Since 64.3% of the isolates were identified as Staphylococcus spp., the potential for the existence of methicillin resistance was high. Further testing of these colonies detected methicillin resistance not only among S. aureus but also among S. epidermidis strains. About half of the S. aureus were MRSA and 20% of S. epidermidis were MRCNS. In addition, our study was the first study that described the prevalence of ESBL among environmental samples from emergency ambulances. ESBL-producing K. pneumoniae and E. coli were isolated from suction devices and portable ventilators. These multidrug-resistant bacteria may contribute to life-threatening respiratory tract infections if these types of equipment are reused for critically ill patients without being disinfected. No ESBL bacteria were detected among Proteus spp. and Citrobacter spp., most likely due to the limited number of isolates.

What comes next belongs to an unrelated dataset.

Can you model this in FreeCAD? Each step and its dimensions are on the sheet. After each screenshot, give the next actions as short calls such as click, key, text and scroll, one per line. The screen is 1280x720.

Both methicillin-resistant staphylococci and ESBL colonies were recovered from different sites within the ambulances, with the exception of DC shock apparatus and steering wheels that contained methicillin-sensitive S. epidermidis isolates that were probably skin contaminants. Our results showed no relationship between sites inside ambulances and methicillin resistance or ESBLs distribution indicating a possible cross-contamination within the vehicle.

Detection of MRSA, MRCNS, and ESBL raises concerns since these pathogens may cause severe life-threatening complications. It was shown that MRSA was detected in ambulance vehicles immediately after transport of MRSA-colonized or -infected patients.3 Other studies showed that ambulances have a significant degree of MRSA contamination and may therefore represent an important factor for transmission of serious infections to patients.9,27 Generally, ESBL and MRSA testing in the ambulance environment is useful for infection control purposes. Documenting these potential hazards may promote the development of best practices to reduce risks of transmission to transported patients.

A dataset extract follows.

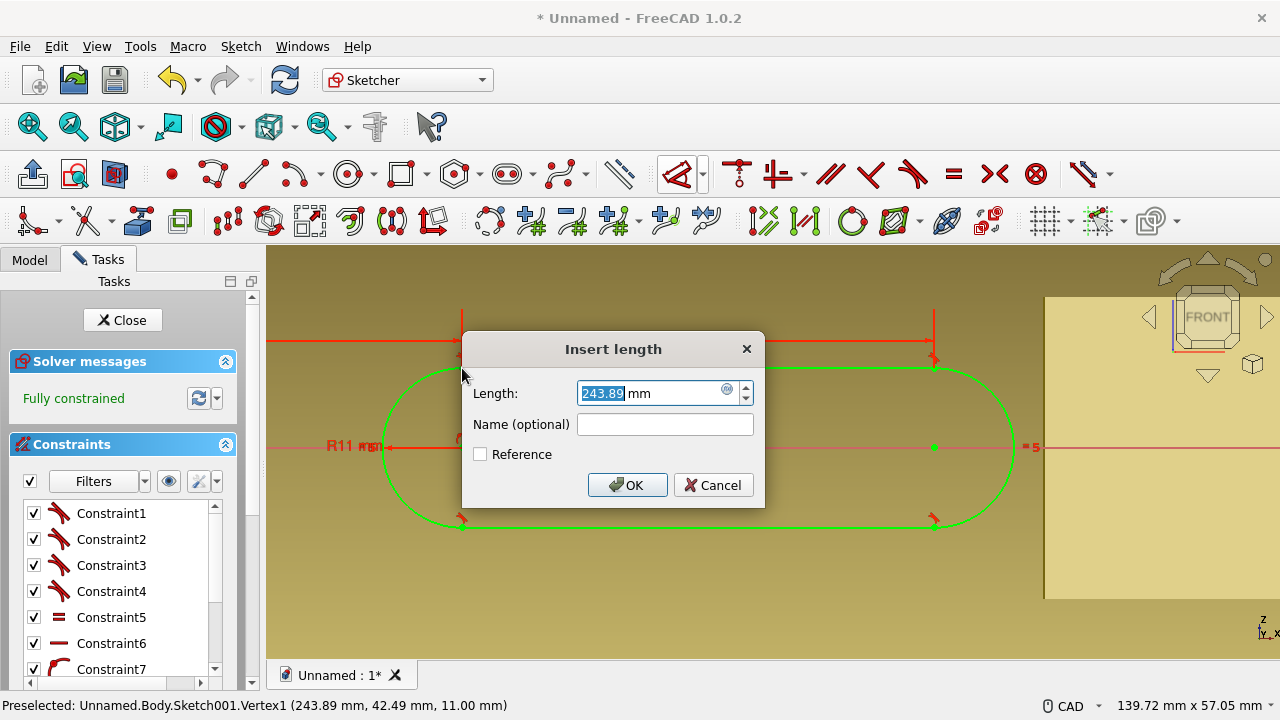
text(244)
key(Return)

Interestingly, studies have shown that a high density of bacterial contamination was not only detected in ground emergency ambulances1,8,9,28–30 but also detected in Emergency Service Helicopters.31,32

Based on our observations, it can be concluded that the level of microbial contamination in ambulances within Assiut city in Egypt is not acceptable. It is highly recommended that standard operating procedures of cleaning, decontamination, and disinfection of emergency vehicles and their equipment be implemented. This includes decreasing the contamination rate to the environment by colonized patients and contaminated health care workers by employing regular time-tabled cleaning schedules that are carried out by specialized infection control members, the use of appropriate disinfectants, appropriate cleaning of medical equipment in vehicles, management of water quality introduced into vehicles, avoiding non essential contact of patients’ relatives in the ambulance environment to limit concentrations of shed and airborne bacteria.33,34

Additional studies are also planned to evaluate and validate the disinfection protocols. Further research should be carried out to analyze the effect of seasonal climate changes on the prevalence of pathogens in ambulances. The reason for that is the well-known effect of temperature and environmental conditions on microbial growth. Our planned future studies will highlight the difference in microbial populations in the summer versus the winter.